Description: Convert a restricted existential quantification over a pair to a disjunction, using bound-variable hypotheses instead of distinct variable conditions. (Contributed by NM, 17-Sep-2011.) (Revised by AV, 2-Apr-2023.)

Hypotheses

Ref	Expression
ralprgf.1	⊢ Ⅎ𝑥𝜓
ralprgf.2	⊢ Ⅎ𝑥𝜒
ralprgf.a	⊢ (𝑥 = 𝐴 → (𝜑 ↔ 𝜓))
ralprgf.b	⊢ (𝑥 = 𝐵 → (𝜑 ↔ 𝜒))

Assertion

Ref	Expression
rexprgf	⊢ ((𝐴 ∈ 𝑉 ∧ 𝐵 ∈ 𝑊) → (∃𝑥 ∈ {𝐴, 𝐵}𝜑 ↔ (𝜓 ∨ 𝜒)))

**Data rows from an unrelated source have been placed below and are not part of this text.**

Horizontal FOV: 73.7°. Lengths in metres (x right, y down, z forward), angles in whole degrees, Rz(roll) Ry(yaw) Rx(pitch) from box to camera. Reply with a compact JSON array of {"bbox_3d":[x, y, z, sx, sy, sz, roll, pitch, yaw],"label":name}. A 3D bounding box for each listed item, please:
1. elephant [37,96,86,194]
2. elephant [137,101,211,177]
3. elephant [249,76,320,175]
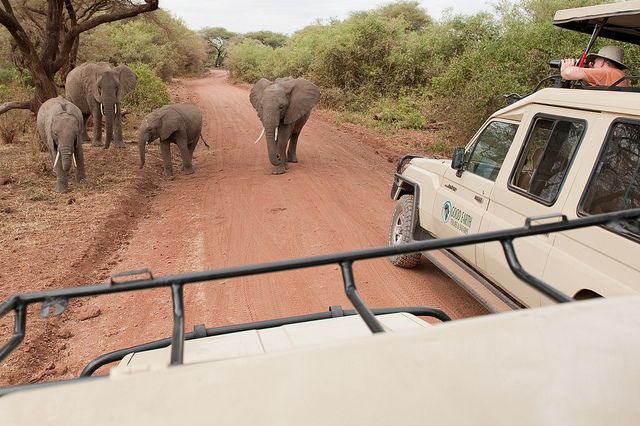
[{"bbox_3d":[-5.567,-1.525,9.374,0.837,1.533,2.251,-13,30,-28],"label":"elephant"},{"bbox_3d":[-3.845,-1.892,11.238,1.022,1.762,2.371,6,19,24],"label":"elephant"},{"bbox_3d":[-0.949,-2.476,11.886,1.966,2.496,2.654,6,17,14],"label":"elephant"}]
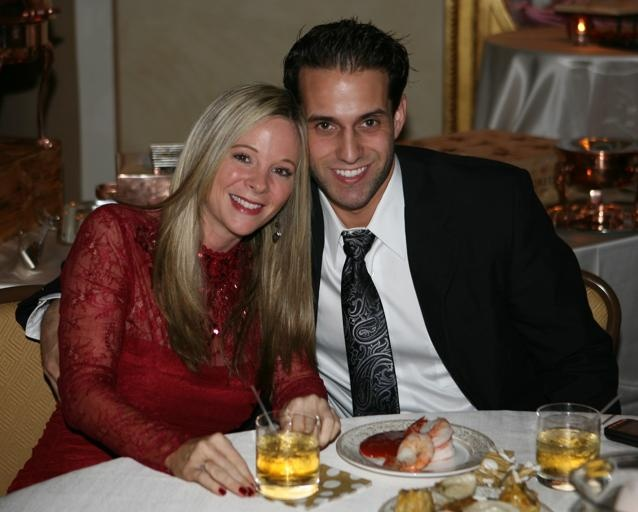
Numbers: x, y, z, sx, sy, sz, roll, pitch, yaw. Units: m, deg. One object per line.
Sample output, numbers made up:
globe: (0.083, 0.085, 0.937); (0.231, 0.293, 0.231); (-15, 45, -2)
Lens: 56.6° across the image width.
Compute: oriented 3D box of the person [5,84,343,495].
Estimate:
person: (-0.444, 0.160, 1.990); (0.750, 1.685, 0.738); (5, 11, 33)

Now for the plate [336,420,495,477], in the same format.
plate: (0.225, 0.415, 1.406); (0.310, 0.083, 0.255); (-5, 11, -20)

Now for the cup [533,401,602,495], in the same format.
cup: (0.512, 0.392, 1.206); (0.083, 0.192, 0.094); (6, 19, 10)

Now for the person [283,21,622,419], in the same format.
person: (0.420, 0.134, 2.409); (0.855, 1.864, 0.910); (2, 25, -8)

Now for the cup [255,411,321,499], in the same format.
cup: (-0.068, 0.420, 1.321); (0.143, 0.181, 0.152); (-1, 9, 0)

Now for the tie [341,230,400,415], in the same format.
tie: (0.192, 0.240, 2.177); (0.196, 0.667, 0.179); (-1, 7, 4)
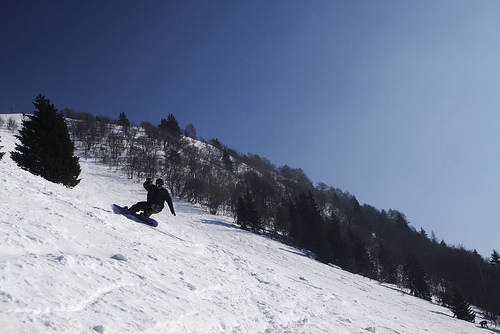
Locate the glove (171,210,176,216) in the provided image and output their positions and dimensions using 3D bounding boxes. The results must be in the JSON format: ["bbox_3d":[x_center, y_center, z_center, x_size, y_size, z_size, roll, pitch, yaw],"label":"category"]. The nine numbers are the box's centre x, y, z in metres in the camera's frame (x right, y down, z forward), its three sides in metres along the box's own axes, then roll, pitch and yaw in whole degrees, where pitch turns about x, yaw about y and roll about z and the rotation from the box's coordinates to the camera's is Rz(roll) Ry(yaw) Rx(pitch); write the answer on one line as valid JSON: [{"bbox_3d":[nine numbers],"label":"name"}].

Distinct variable groups:   𝑥,𝐴   𝑥,𝐵

Allowed substitution hints:   𝜑(𝑥)   𝜓(𝑥)   𝜒(𝑥)   𝑉(𝑥)   𝑊(𝑥)

Proof of Theorem rexprgf

Step	Hyp	Ref	Expression
1		df-pr 4626	. . . 4 ⊢ {𝐴, 𝐵} = ({𝐴} ∪ {𝐵})
2	1	rexeqi 3318	. . 3 ⊢ (∃𝑥 ∈ {𝐴, 𝐵}𝜑 ↔ ∃𝑥 ∈ ({𝐴} ∪ {𝐵})𝜑)
3		rexun 4185	. . 3 ⊢ (∃𝑥 ∈ ({𝐴} ∪ {𝐵})𝜑 ↔ (∃𝑥 ∈ {𝐴}𝜑 ∨ ∃𝑥 ∈ {𝐵}𝜑))
4	2, 3	bitri 275	. 2 ⊢ (∃𝑥 ∈ {𝐴, 𝐵}𝜑 ↔ (∃𝑥 ∈ {𝐴}𝜑 ∨ ∃𝑥 ∈ {𝐵}𝜑))
5		ralprgf.1	. . . . 5 ⊢ Ⅎ𝑥𝜓
6		ralprgf.a	. . . . 5 ⊢ (𝑥 = 𝐴 → (𝜑 ↔ 𝜓))
7	5, 6	rexsngf 4669	. . . 4 ⊢ (𝐴 ∈ 𝑉 → (∃𝑥 ∈ {𝐴}𝜑 ↔ 𝜓))
8	7	orbi1d 913	. . 3 ⊢ (𝐴 ∈ 𝑉 → ((∃𝑥 ∈ {𝐴}𝜑 ∨ ∃𝑥 ∈ {𝐵}𝜑) ↔ (𝜓 ∨ ∃𝑥 ∈ {𝐵}𝜑)))
9		ralprgf.2	. . . . 5 ⊢ Ⅎ𝑥𝜒
10		ralprgf.b	. . . . 5 ⊢ (𝑥 = 𝐵 → (𝜑 ↔ 𝜒))
11	9, 10	rexsngf 4669	. . . 4 ⊢ (𝐵 ∈ 𝑊 → (∃𝑥 ∈ {𝐵}𝜑 ↔ 𝜒))
12	11	orbi2d 912	. . 3 ⊢ (𝐵 ∈ 𝑊 → ((𝜓 ∨ ∃𝑥 ∈ {𝐵}𝜑) ↔ (𝜓 ∨ 𝜒)))
13	8, 12	sylan9bb 509	. 2 ⊢ ((𝐴 ∈ 𝑉 ∧ 𝐵 ∈ 𝑊) → ((∃𝑥 ∈ {𝐴}𝜑 ∨ ∃𝑥 ∈ {𝐵}𝜑) ↔ (𝜓 ∨ 𝜒)))
14	4, 13	bitrid 283	1 ⊢ ((𝐴 ∈ 𝑉 ∧ 𝐵 ∈ 𝑊) → (∃𝑥 ∈ {𝐴, 𝐵}𝜑 ↔ (𝜓 ∨ 𝜒)))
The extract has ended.